[Saved data entries]
Segment Open
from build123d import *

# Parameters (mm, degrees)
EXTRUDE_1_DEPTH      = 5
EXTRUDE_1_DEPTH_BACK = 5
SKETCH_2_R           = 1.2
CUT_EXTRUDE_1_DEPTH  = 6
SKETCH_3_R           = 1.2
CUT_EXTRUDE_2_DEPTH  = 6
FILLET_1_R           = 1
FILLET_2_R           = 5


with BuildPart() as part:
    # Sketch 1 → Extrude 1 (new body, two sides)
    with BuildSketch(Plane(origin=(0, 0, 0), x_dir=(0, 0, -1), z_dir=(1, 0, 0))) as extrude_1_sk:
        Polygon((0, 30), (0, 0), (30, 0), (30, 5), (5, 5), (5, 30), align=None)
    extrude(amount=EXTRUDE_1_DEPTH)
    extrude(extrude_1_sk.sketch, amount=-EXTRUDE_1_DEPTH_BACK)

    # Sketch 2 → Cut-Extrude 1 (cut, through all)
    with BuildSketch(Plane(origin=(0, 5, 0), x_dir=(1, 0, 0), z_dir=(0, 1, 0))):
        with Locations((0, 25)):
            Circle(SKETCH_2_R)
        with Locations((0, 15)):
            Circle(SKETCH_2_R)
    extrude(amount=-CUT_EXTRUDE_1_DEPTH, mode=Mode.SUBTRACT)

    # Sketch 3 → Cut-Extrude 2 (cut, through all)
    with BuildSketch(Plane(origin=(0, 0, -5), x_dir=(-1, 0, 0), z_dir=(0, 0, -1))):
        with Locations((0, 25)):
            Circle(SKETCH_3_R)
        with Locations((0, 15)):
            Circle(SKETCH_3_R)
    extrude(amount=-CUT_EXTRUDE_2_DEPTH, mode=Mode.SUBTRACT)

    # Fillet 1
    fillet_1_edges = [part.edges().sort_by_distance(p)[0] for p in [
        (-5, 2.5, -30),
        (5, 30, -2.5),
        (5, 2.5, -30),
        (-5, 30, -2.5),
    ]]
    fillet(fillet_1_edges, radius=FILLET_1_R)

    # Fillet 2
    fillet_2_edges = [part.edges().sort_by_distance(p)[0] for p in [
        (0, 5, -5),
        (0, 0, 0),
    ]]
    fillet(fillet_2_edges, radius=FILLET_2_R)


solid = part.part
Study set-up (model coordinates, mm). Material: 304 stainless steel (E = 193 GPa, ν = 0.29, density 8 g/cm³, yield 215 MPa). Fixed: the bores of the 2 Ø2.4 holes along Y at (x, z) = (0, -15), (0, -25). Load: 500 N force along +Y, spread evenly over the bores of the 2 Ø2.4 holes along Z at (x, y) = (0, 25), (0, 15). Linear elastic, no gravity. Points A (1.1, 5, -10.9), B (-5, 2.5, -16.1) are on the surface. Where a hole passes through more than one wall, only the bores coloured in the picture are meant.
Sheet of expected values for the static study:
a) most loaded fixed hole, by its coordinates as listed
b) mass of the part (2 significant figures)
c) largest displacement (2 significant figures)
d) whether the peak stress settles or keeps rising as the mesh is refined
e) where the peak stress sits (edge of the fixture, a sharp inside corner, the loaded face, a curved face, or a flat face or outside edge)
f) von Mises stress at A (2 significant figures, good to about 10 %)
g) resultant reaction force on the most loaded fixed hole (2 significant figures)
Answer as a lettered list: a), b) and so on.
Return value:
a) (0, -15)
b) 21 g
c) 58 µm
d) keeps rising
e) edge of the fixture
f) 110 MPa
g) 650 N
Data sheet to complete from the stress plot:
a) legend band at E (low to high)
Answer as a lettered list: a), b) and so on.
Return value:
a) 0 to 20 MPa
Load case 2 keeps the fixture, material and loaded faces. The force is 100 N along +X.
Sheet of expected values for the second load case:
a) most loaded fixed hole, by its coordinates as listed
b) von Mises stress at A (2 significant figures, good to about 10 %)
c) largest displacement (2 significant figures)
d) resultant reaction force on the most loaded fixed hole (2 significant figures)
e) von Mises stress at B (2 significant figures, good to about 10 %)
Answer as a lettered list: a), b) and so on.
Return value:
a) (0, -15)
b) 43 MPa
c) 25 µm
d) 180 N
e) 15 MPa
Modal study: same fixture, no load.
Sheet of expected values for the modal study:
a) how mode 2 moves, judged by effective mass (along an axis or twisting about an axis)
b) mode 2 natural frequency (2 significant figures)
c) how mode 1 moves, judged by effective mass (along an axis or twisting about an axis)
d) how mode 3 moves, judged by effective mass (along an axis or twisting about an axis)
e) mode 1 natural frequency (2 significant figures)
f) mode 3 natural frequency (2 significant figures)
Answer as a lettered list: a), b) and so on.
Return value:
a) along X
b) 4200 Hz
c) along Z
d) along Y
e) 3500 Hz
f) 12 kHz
Segment Closed
## Instructions to follow
A verbatim copy of every record is what you should return.

## Response
from build123d import *

# Parameters (mm, degrees)
EXTRUDE_1_DEPTH      = 5
EXTRUDE_1_DEPTH_BACK = 5
SKETCH_2_R           = 1.2
CUT_EXTRUDE_1_DEPTH  = 6
SKETCH_3_R           = 1.2
CUT_EXTRUDE_2_DEPTH  = 6
FILLET_1_R           = 1
FILLET_2_R           = 5


with BuildPart() as part:
    # Sketch 1 → Extrude 1 (new body, two sides)
    with BuildSketch(Plane(origin=(0, 0, 0), x_dir=(0, 0, -1), z_dir=(1, 0, 0))) as extrude_1_sk:
        Polygon((0, 30), (0, 0), (30, 0), (30, 5), (5, 5), (5, 30), align=None)
    extrude(amount=EXTRUDE_1_DEPTH)
    extrude(extrude_1_sk.sketch, amount=-EXTRUDE_1_DEPTH_BACK)

    # Sketch 2 → Cut-Extrude 1 (cut, through all)
    with BuildSketch(Plane(origin=(0, 5, 0), x_dir=(1, 0, 0), z_dir=(0, 1, 0))):
        with Locations((0, 25)):
            Circle(SKETCH_2_R)
        with Locations((0, 15)):
            Circle(SKETCH_2_R)
    extrude(amount=-CUT_EXTRUDE_1_DEPTH, mode=Mode.SUBTRACT)

    # Sketch 3 → Cut-Extrude 2 (cut, through all)
    with BuildSketch(Plane(origin=(0, 0, -5), x_dir=(-1, 0, 0), z_dir=(0, 0, -1))):
        with Locations((0, 25)):
            Circle(SKETCH_3_R)
        with Locations((0, 15)):
            Circle(SKETCH_3_R)
    extrude(amount=-CUT_EXTRUDE_2_DEPTH, mode=Mode.SUBTRACT)

    # Fillet 1
    fillet_1_edges = [part.edges().sort_by_distance(p)[0] for p in [
        (-5, 2.5, -30),
        (5, 30, -2.5),
        (5, 2.5, -30),
        (-5, 30, -2.5),
    ]]
    fillet(fillet_1_edges, radius=FILLET_1_R)

    # Fillet 2
    fillet_2_edges = [part.edges().sort_by_distance(p)[0] for p in [
        (0, 5, -5),
        (0, 0, 0),
    ]]
    fillet(fillet_2_edges, radius=FILLET_2_R)


solid = part.part
Study set-up (model coordinates, mm). Material: 304 stainless steel (E = 193 GPa, ν = 0.29, density 8 g/cm³, yield 215 MPa). Fixed: the bores of the 2 Ø2.4 holes along Y at (x, z) = (0, -15), (0, -25). Load: 500 N force along +Y, spread evenly over the bores of the 2 Ø2.4 holes along Z at (x, y) = (0, 25), (0, 15). Linear elastic, no gravity. Points A (1.1, 5, -10.9), B (-5, 2.5, -16.1) are on the surface. Where a hole passes through more than one wall, only the bores coloured in the picture are meant.
Sheet of expected values for the static study:
a) most loaded fixed hole, by its coordinates as listed
b) mass of the part (2 significant figures)
c) largest displacement (2 significant figures)
d) whether the peak stress settles or keeps rising as the mesh is refined
e) where the peak stress sits (edge of the fixture, a sharp inside corner, the loaded face, a curved face, or a flat face or outside edge)
f) von Mises stress at A (2 significant figures, good to about 10 %)
g) resultant reaction force on the most loaded fixed hole (2 significant figures)
Answer as a lettered list: a), b) and so on.
Return value:
a) (0, -15)
b) 21 g
c) 58 µm
d) keeps rising
e) edge of the fixture
f) 110 MPa
g) 650 N
Data sheet to complete from the stress plot:
a) legend band at E (low to high)
Answer as a lettered list: a), b) and so on.
Return value:
a) 0 to 20 MPa
Load case 2 keeps the fixture, material and loaded faces. The force is 100 N along +X.
Sheet of expected values for the second load case:
a) most loaded fixed hole, by its coordinates as listed
b) von Mises stress at A (2 significant figures, good to about 10 %)
c) largest displacement (2 significant figures)
d) resultant reaction force on the most loaded fixed hole (2 significant figures)
e) von Mises stress at B (2 significant figures, good to about 10 %)
Answer as a lettered list: a), b) and so on.
Return value:
a) (0, -15)
b) 43 MPa
c) 25 µm
d) 180 N
e) 15 MPa
Modal study: same fixture, no load.
Sheet of expected values for the modal study:
a) how mode 2 moves, judged by effective mass (along an axis or twisting about an axis)
b) mode 2 natural frequency (2 significant figures)
c) how mode 1 moves, judged by effective mass (along an axis or twisting about an axis)
d) how mode 3 moves, judged by effective mass (along an axis or twisting about an axis)
e) mode 1 natural frequency (2 significant figures)
f) mode 3 natural frequency (2 significant figures)
Answer as a lettered list: a), b) and so on.
Return value:
a) along X
b) 4200 Hz
c) along Z
d) along Y
e) 3500 Hz
f) 12 kHz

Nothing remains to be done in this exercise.